The positions x, y and z in LC rotation grid attribute is a position of the purple cross of the object (see figure below). The liquid crystals positions defined as parameters in addgridattribute command is given by the local coordinate system whose origin is set to the x, y and z values.

### Index monitor currently record only diagonal index

Index monitors to not record any information about the permittivity transformations. Therefore, it is important to do some careful testing to ensure the setup is correct.

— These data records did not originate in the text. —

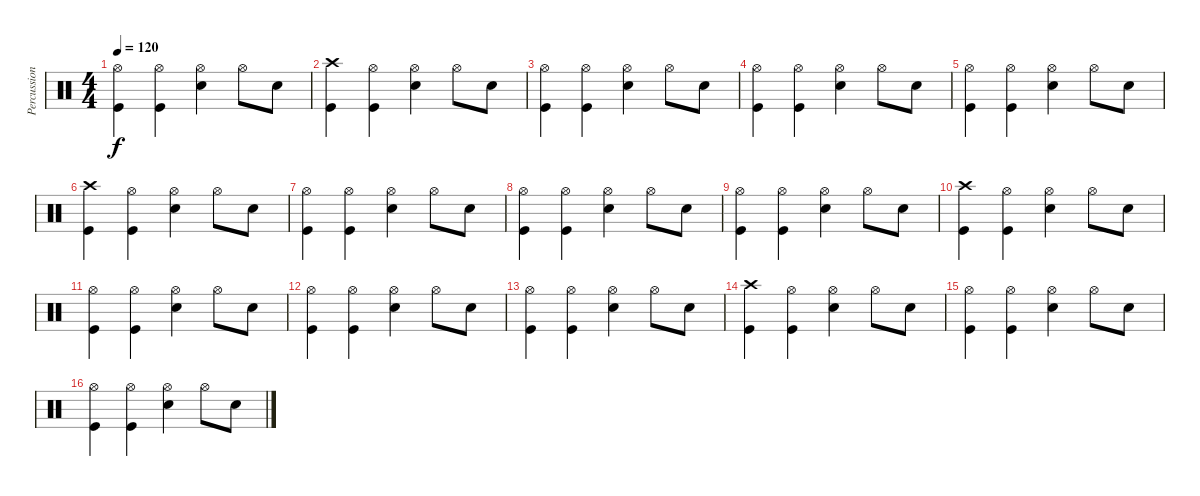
\track ("Percussions" "Percussion") {instrument percussion}
\staff {score}
\articulation defaults
\ts (4 4)
\tempo 120
\clef neutral
\ks c
("Hi-Hat (open)" "Kick (hit)").4{dy f} ("Hi-Hat (open)" "Kick (hit)").4 ("Hi-Hat (open)" "Snare (hit) 2").4 "Hi-Hat (open)".8 "Snare (hit) 2".8 |
("Crash high (hit)" "Kick (hit)").4 ("Hi-Hat (open)" "Kick (hit)").4 ("Hi-Hat (open)" "Snare (hit) 2").4 "Hi-Hat (open)".8 "Snare (hit) 2".8 |
("Hi-Hat (open)" "Kick (hit)").4 ("Hi-Hat (open)" "Kick (hit)").4 ("Hi-Hat (open)" "Snare (hit) 2").4 "Hi-Hat (open)".8 "Snare (hit) 2".8 |
("Hi-Hat (open)" "Kick (hit)").4 ("Hi-Hat (open)" "Kick (hit)").4 ("Hi-Hat (open)" "Snare (hit) 2").4 "Hi-Hat (open)".8 "Snare (hit) 2".8 |
("Hi-Hat (open)" "Kick (hit)").4 ("Hi-Hat (open)" "Kick (hit)").4 ("Hi-Hat (open)" "Snare (hit) 2").4 "Hi-Hat (open)".8 "Snare (hit) 2".8 |
("Crash high (hit)" "Kick (hit)").4 ("Hi-Hat (open)" "Kick (hit)").4 ("Hi-Hat (open)" "Snare (hit) 2").4 "Hi-Hat (open)".8 "Snare (hit) 2".8 |
("Hi-Hat (open)" "Kick (hit)").4 ("Hi-Hat (open)" "Kick (hit)").4 ("Hi-Hat (open)" "Snare (hit) 2").4 "Hi-Hat (open)".8 "Snare (hit) 2".8 |
("Hi-Hat (open)" "Kick (hit)").4 ("Hi-Hat (open)" "Kick (hit)").4 ("Hi-Hat (open)" "Snare (hit) 2").4 "Hi-Hat (open)".8 "Snare (hit) 2".8 |
("Hi-Hat (open)" "Kick (hit)").4 ("Hi-Hat (open)" "Kick (hit)").4 ("Hi-Hat (open)" "Snare (hit) 2").4 "Hi-Hat (open)".8 "Snare (hit) 2".8 |
("Crash high (hit)" "Kick (hit)").4 ("Hi-Hat (open)" "Kick (hit)").4 ("Hi-Hat (open)" "Snare (hit) 2").4 "Hi-Hat (open)".8 "Snare (hit) 2".8 |
("Hi-Hat (open)" "Kick (hit)").4 ("Hi-Hat (open)" "Kick (hit)").4 ("Hi-Hat (open)" "Snare (hit) 2").4 "Hi-Hat (open)".8 "Snare (hit) 2".8 |
("Hi-Hat (open)" "Kick (hit)").4 ("Hi-Hat (open)" "Kick (hit)").4 ("Hi-Hat (open)" "Snare (hit) 2").4 "Hi-Hat (open)".8 "Snare (hit) 2".8 |
("Hi-Hat (open)" "Kick (hit)").4 ("Hi-Hat (open)" "Kick (hit)").4 ("Hi-Hat (open)" "Snare (hit) 2").4 "Hi-Hat (open)".8 "Snare (hit) 2".8 |
("Crash high (hit)" "Kick (hit)").4 ("Hi-Hat (open)" "Kick (hit)").4 ("Hi-Hat (open)" "Snare (hit) 2").4 "Hi-Hat (open)".8 "Snare (hit) 2".8 |
("Hi-Hat (open)" "Kick (hit)").4 ("Hi-Hat (open)" "Kick (hit)").4 ("Hi-Hat (open)" "Snare (hit) 2").4 "Hi-Hat (open)".8 "Snare (hit) 2".8 |
("Hi-Hat (open)" "Kick (hit)").4 ("Hi-Hat (open)" "Kick (hit)").4 ("Hi-Hat (open)" "Snare (hit) 2").4 "Hi-Hat (open)".8 "Snare (hit) 2".8

### Conformal meshing for structures associated with grid attributes

Grid attributes have a setting called "enable conformal meshing" which is set to "true" by default.

Conformal meshing can be disabled by setting the "enable conformal meshing" value to "false". This could be considered in cases where there is a high refractive index contrast between the structure with grid attribute applied and neighboring materials (such as when simulating plasmonic effects), where the behavior of the fields near the material interface is important. This is because if conformal meshing is applied, the spatial offset of field components within the Yee cell will not be considered by the grid attribute transform, causing there to be some error as discussed in the "Spatial offset of field components within FDTD Yee cell approximation" section below.

### The diagonal permittivity tensor can be dispersive

The diagonal permittivity tensor can be dispersive, but the transformation U is not dispersive.

### Spatial offset of field components within FDTD Yee cell approximation

In all FDTD simulations, each field component is calculated at a slightly different position within the Yee cell. At cells that contain material interfaces, grid attribute transformations are applied only to field components where there will be no mixing of field components in different materials.

This can introduce some additional error into the simulation, compared to a similar simulation without a grid attribute object. In some cases, this approximation can introduce asymmetries into otherwise symmetric systems. Reducing the mesh step size can help reduce these errors, but in some cases at interfaces between materials with high index contrast, it is challenging to make the mesh size sufficiently small.

### Interpolating spatially varying grid attributes

Linear interpolation is used to interpolate grid attribute data at each mesh point.

Singleton dimensions are extruded uniformly as shown below.

If the dimensions of a structure object are larger than the grid attribute data, the attribute will not be applied to the portion of the structure that is outside of the attribute data.

### Simulation speed

It is worth noting that using Grid attributes will increase the simulation memory and time requirements. Therefore, when they are not needed, it's best to ensure they are not used. For example, rather than setting the rotation angle to zero (the grid attribute will still be included in the simulation), it's best to disable the grid attribute entirely.